The Last of Us Part 2 is a plea for us to have patience and understand others. To look beyond our personal bias and experience and forgive those that we do not yet understand. It's a game full of brutality, violence and hatred, asking you to have empathy in their place. It communicates all of this in a way only games can.
With all of this said, I can't wrap my head around people's complaints. People who are upset that Joel is killed somehow missed that that's the point. You're supposed to be upset he is killed, players are so attached to him that it's the perfect set up for a revenge plot.
People who are upset that Ellie doesn't get revenge must've missed the entire last 13 hours of the game designed explicitly to undo your own anger and want for revenge. Every good revenge story ever shows you that revenge is bad, it's Revenge 101. The fact that some players seemingly wanted to kill Abby and celebrate concerns me.
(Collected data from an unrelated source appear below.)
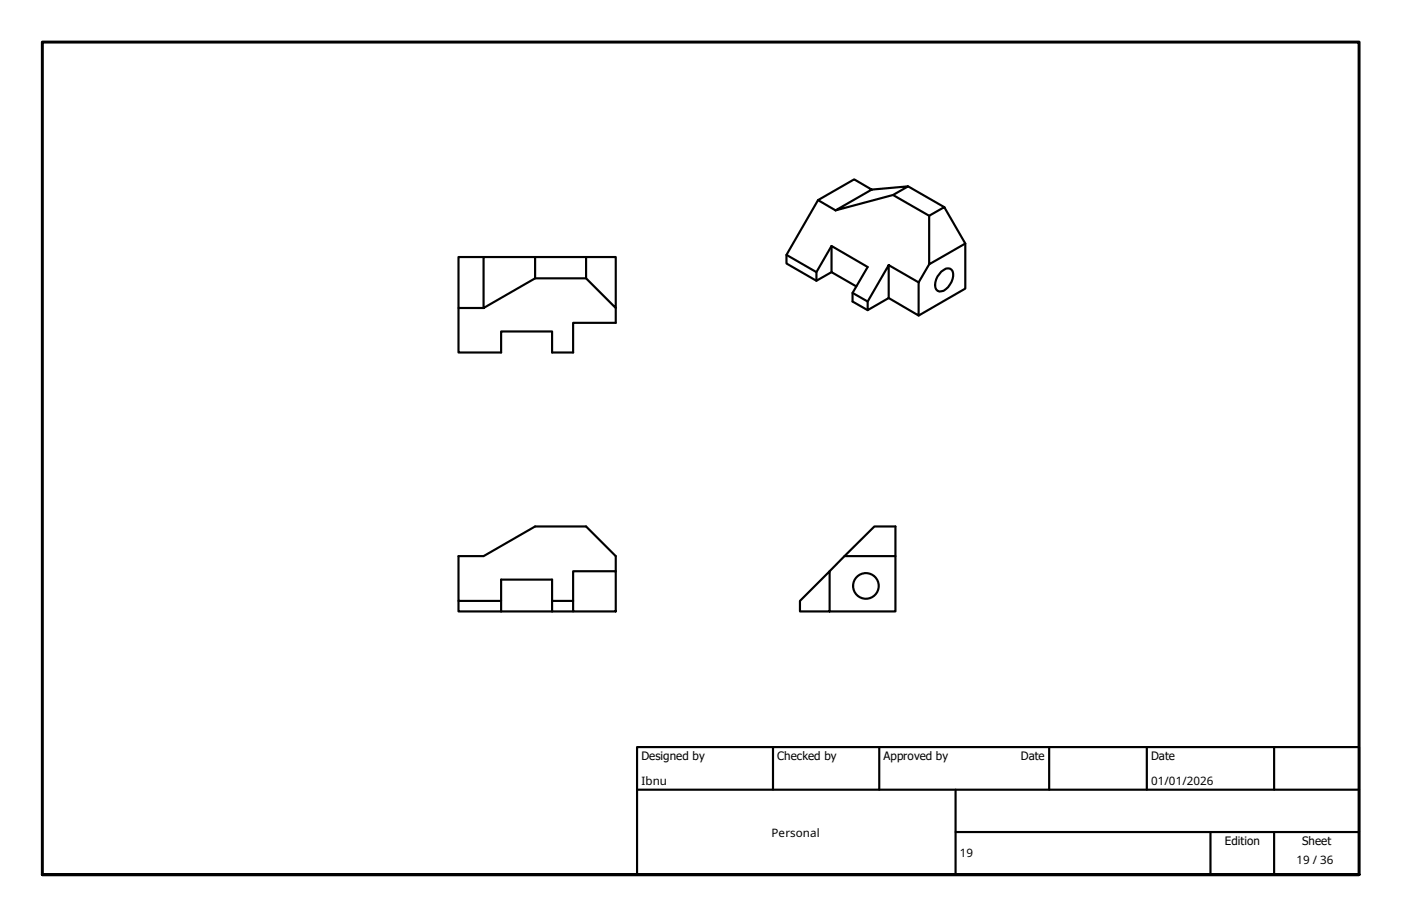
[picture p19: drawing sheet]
<svg xmlns="http://www.w3.org/2000/svg" width="330mm" height="216mm" viewBox="0 0 330 216" stroke-linecap="round" stroke-linejoin="round" font-family="sans-serif">
<defs><g id="words">
<g font-size="2.7">
<text x="151" y="179">Designed by</text>
<text x="183" y="179">Checked by</text>
<text x="208" y="179">Approved by</text>
<text x="240.3" y="178.9">Date</text>
<text x="271" y="178.9">Date</text>
<text x="151" y="184.8">Ibnu</text>
<text x="271" y="184.8">01/01/2026</text>
<text x="181.7" y="197">Personal</text>
<text x="226" y="201.9">19</text>
<text x="288.4" y="199">Edition</text>
<text x="305.2" y="203.4">19 / 36</text>
<text x="306.6" y="199">Sheet</text>
</g>
</g></defs>
<!-- layer: Visible (ISO) -->
<g fill="none" stroke="#000" stroke-width=".51">
<path d="M192.6 47.1l-7.4 12.9 7 4.1M195.8 57.9l-3.6 6.2v2l3.6-2M205.2 44.6l-4.1-2.4-8.5 4.9 4.1 2.4 13.5-3.6 3.6-2-8.6 .7-8.5 4.9M210.2 45.9l8.6 4.9M213.8 43.9l8.5 4.9M218.8 50.8l3.5-2 5 8.5-8.5 4.9zM227.3 57.3v10.6l-11 6.4M107.9 72.5v10.5h10.1v-5h12v5h4.9v-7h10.1v-3.5M113.9 60.5h-6v12h6l12.1-7v-5h-12.1v12M126 65.5h12M126 60.5h12M138 60.5h7v12l-7-7z"/>
<path d="M185.2 60v2l7 4.1M200.7 69l3.6 2M201.6 67.4l-5.8-3.3v-6.2l8.5 5-3.6 6.1v2l3.6 2M209.2 62.4l-4.9 8.6v2l4.9-2.8v-7.8l7.1 4.1M216.3 66.5v7.8l-7.1-4.1M218.8 62.2l-2.5 4.3M221.6 63.9a1.78 1.78 0 0 1 2.4-.4 3.7 3.7 0 0 1-1.3 4.6 1.39 1.39 0 0 1-1.7 .5 1.39 1.39 0 0 1-.8-1.5 4.6 4.6 0 0 1 1.4-3.2zM134.9 134.5h10.1v9.5h-10.1zM145 134.5v-3.6l-7-6.9h-12l-12.1 6.9h-6v10.6h10.1M198.8 130.9h12v-6.9h-4.9l-10.6 10.5M210.8 130.9v13.1h-15.5M107.9 141.5v2.5h10.1"/>
<path d="M118 144v-7.5h12v7.5M118 144h16.9M130 141.5h4.9M188.3 141.5l7-7v9.5h-7z"/>
<circle cx="203.9" cy="138" r="3"/>
</g>
<!-- layer: Border (ISO) -->
<path d="M10 205.9v-196h310v196h-310h310" fill="none" stroke="#000" stroke-width=".7"/>
<!-- layer: Title (ISO) -->
<path d="M150 175.9h170v30h-170zM182 175.9v10M207 175.9v10M247 175.9v10M270 175.9v10M300 175.9v10M150 185.9h170M225 195.9h95M225 185.9v20M285 195.9v10M300 195.9v10" fill="none" stroke="#000" stroke-width=".51"/>
<use href="#words"/>
</svg>

The idea that this betrays the first game is baffling. It's a perfect extension of the themes and characters. Did people just want a retread? Did they want Joel and Ellie to travel across the country again? We still got plenty of satisfying Joel and Ellie moments in the form of flashbacks. Not to mention the revelation that Ellie knew about Joel's lie is one of the most powerful moments I've experienced in gaming.
As someone who has been incredibly excited to see games advance as a storytelling medium, this game feels like a milestone. Where narrative, gameplay, characters and player interaction are all in service to the themes of the work. Even little details, like the NPCs addressing each other by name come back full circle to the themes when we are shown these same people going about their lives. It's a tremendous game, it's scope and execution are bewildering. I don't think it would've seen such extreme backlash had there not been leaks, the spoilers without the context and how they are told got people angry and then they just decided to stay angry. It's ironic that a game denouncing tribalism and rashness has been greeted by so much of both.